Given that the overall CMFMT mission starts at time 1 and ends at time T, periodically, at time steps \(\tau =1,1+\varDelta ,1+2\varDelta , \ldots \), the probabilistic knowledge from the belief functions is used by the planner to plan the movements of the robots for the next \(h\ge \varDelta \) steps. Planning, therefore, happens in stages, where, at each stage, the assigned time horizon for planning corresponds to h time steps, implementing in this way a receding horizon control. While executing a plan, a robot makes observations about the targets. These observations are used to update the beliefs about targets’ positions. In turn, the new beliefs are used to make predictions about future positions of targets, which are needed for planning. In general, in presence of errors and uncertainty, new plans should be computed at each time step (\(\varDelta =1\)), to continuously adapt the plan to the most recent observations made by the robots. However, in practice, such a high replanning frequency could not be affordable, due to, e.g., timing constraints (like when in the time discretization of the mission a time step corresponds only to a fraction of a second), or power-consumption constraints. As we show in Sect. 7, a high replanning frequency might not actually be needed when in presence of moderate uncertainty. Also different solutions, not investigated in this paper, could be devised if needed to adapt the current plan to the most recent observations. For instance, new plans could be computed only every \(\varDelta =h\) steps, while suitable ad hoc behaviors would be in charge of taking over when the computed plan shows too many discrepancies w.r.t. the observed events.

5.2 Centralized planner

The operational mechanisms described in the previous section have been implemented first according to a centralized computational architecture, and then a distributed model has been derived. In the centralized case, a single planner jointly computes the paths for all the robots of the team. The robots share with the planner all their observations. The planner fuses them together to keep up-to-date an aggregated belief. For sake of simplicity, communications between planner and robots are assumed to be lossless and instantaneous. Specifically, the information that robots send to the centralized planner comprises the observations they take at each time step t and their current locations at t.
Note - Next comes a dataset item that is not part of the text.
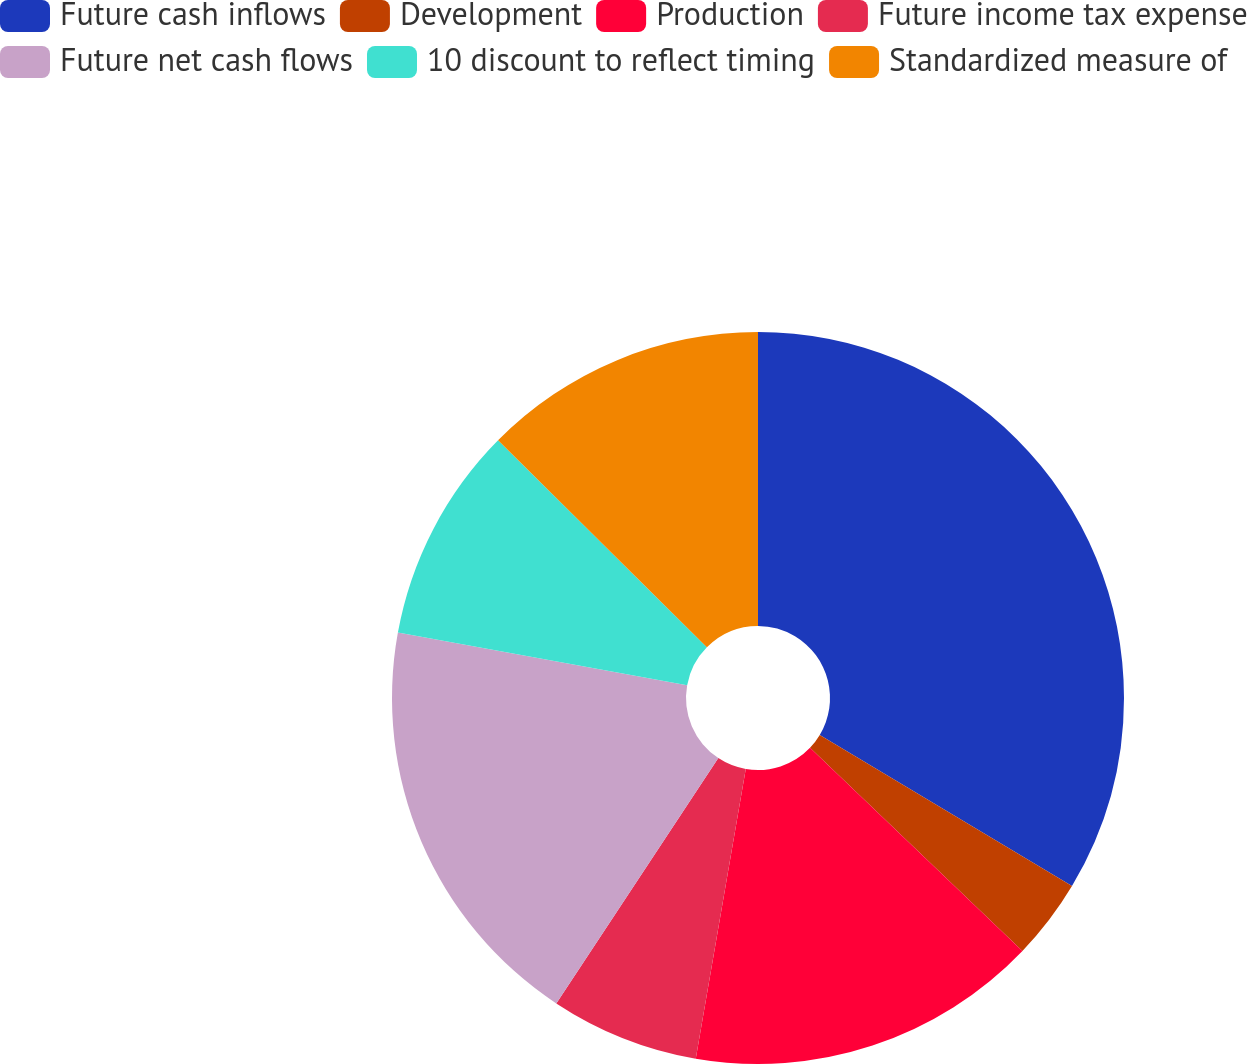Convert chart. <chart><loc_0><loc_0><loc_500><loc_500><pie_chart><fcel>Future cash inflows<fcel>Development<fcel>Production<fcel>Future income tax expense<fcel>Future net cash flows<fcel>10 discount to reflect timing<fcel>Standardized measure of<nl><fcel>33.59%<fcel>3.56%<fcel>15.57%<fcel>6.57%<fcel>18.57%<fcel>9.57%<fcel>12.57%<nl></chart>

The computation to obtain the optimal solution, or even a solution with a few percent of ILP gap from the optimal solution, can require a large amount of time in large scenarios. Therefore, the centralized model mainly serves to provide an optimal performance baseline to evaluate distributed solutions for more realistic real-time implementations.

5.3 Distributed independent planners

Following a top-down approach, the distributed architecture is derived directly from the centralized one, by devising a simple yet effective distribution design of the system. In this case, each robot maintains its own belief about the targets’ positions, and plans its own path independently. We assume that neighboring robots are able to reliably communicate within a given communication range \(r_c\), but that no global coordination and communication infrastructure is present.

Robots exchange information about their recent history of observations and their current path plans. More precisely, robots receive both the information sent by direct neighbors (i.e., those within the communication range) and that relayed through the multi-hop network formed by a chain of neighboring robots. Observations are exchanged in the form of time-stamped sensor readings (discussed Sect. 6), so that each robot can keep up-to-date its own belief based not only on its own observations, but also on those of its teammates, in a transparent manner.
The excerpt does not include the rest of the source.